1. Pourquoi avez-vous, à l’origine, décidé d’être avocat plutôt que de choisir un autre métier ? Était-ce une histoire de famille, une évidence ou encore le fruit de longues réflexions ?

Il s’agissait d’un processus d’élimination. Au Cégep, j’ai étudié les sciences de la santé. C’est en entrant à l’université que j’ai changé de direction. Même si j’avais toujours été intéressé par le commerce et les affaires, j’ai choisi le droit pour des raisons qui parfois m’échappent aujourd’hui. Je voyais le droit davantage comme une étape de ma formation que comme une façon d’y trouver mon futur métier.

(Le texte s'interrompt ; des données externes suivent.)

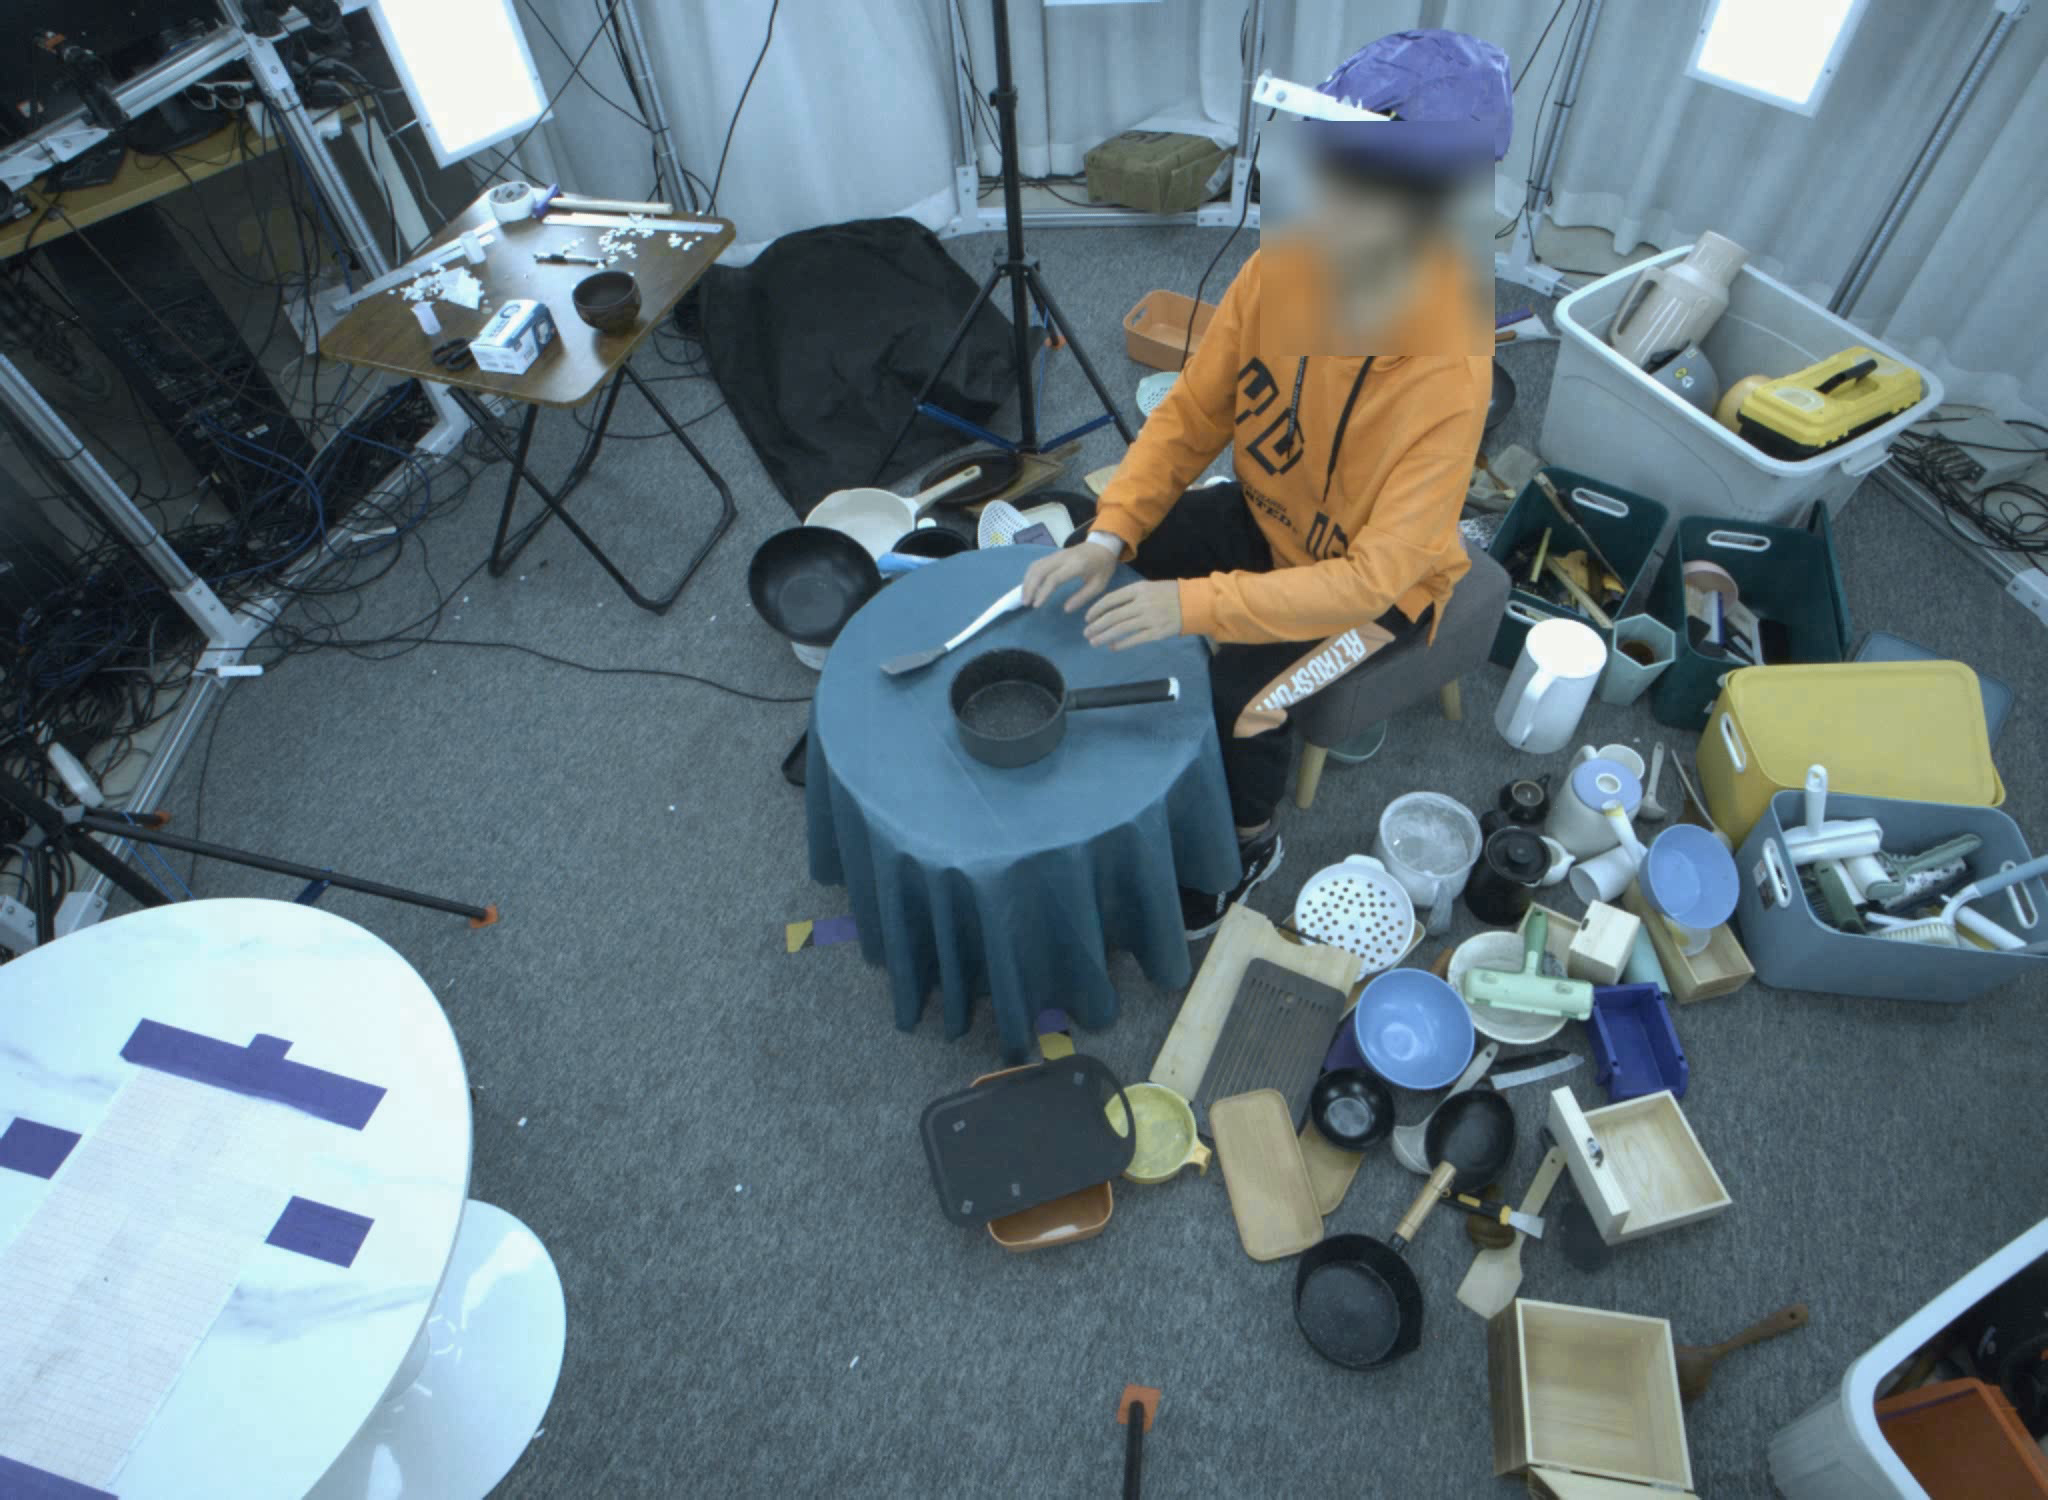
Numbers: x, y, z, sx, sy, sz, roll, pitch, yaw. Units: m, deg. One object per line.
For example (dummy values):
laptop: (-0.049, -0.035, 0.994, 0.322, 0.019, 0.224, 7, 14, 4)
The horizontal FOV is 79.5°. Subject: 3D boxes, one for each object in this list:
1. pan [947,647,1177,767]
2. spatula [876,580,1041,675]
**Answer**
pan: (0.057, -0.062, 1.777, 0.328, 0.087, 0.170, 0, 56, 5)
spatula: (-0.098, -0.184, 1.901, 0.290, 0.033, 0.057, -32, 39, -20)

J’ai eu la chance d’être séduit par la pratique dès mon stage. C’était une époque où les valeurs mobilières étaient très populaires et où l’on travaillait sur les actions accréditives et le programme du Régime d’épargne-actions du Québec. Peu de gens s’y connaissaient au Québec et ce fut pour moi un créneau facile à développer, en faisant usage de discipline et de gros bon sens.

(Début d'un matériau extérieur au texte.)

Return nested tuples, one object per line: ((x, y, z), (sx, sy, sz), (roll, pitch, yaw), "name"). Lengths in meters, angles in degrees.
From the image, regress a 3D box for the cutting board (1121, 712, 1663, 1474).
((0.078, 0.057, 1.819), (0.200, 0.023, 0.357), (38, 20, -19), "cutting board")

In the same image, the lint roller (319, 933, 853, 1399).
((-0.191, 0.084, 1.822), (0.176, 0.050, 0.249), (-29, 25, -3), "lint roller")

2. Quel est le plus grand défi professionnel auquel vous avez fait face au cours de votre carrière ?

Me Charles Spector est associé chez Dentons Canada
Me Charles Spector est associé chez Dentons Canada
Le plus grand défi est de trouver une niche dans laquelle on y trouve du plaisir. C’est une chose que de devenir un bon avocat sur le plan technique, et une autre de développer la clientèle qui doit venir avec. C’est un défi auquel nous faisons face tous les jours en pratique privée. Personne n’est à l’abri de la possibilité de perdre un client même s’il est le meilleur avocat au monde. Il faut donc toujours rester à la recherche de clients qui sauront penser à nous en temps opportun. Année après année, cela représente un défi et rend la pratique parfois imprévisible et insécurisante.

3. Si vous aviez une baguette magique, que changeriez-vous à la pratique du droit ?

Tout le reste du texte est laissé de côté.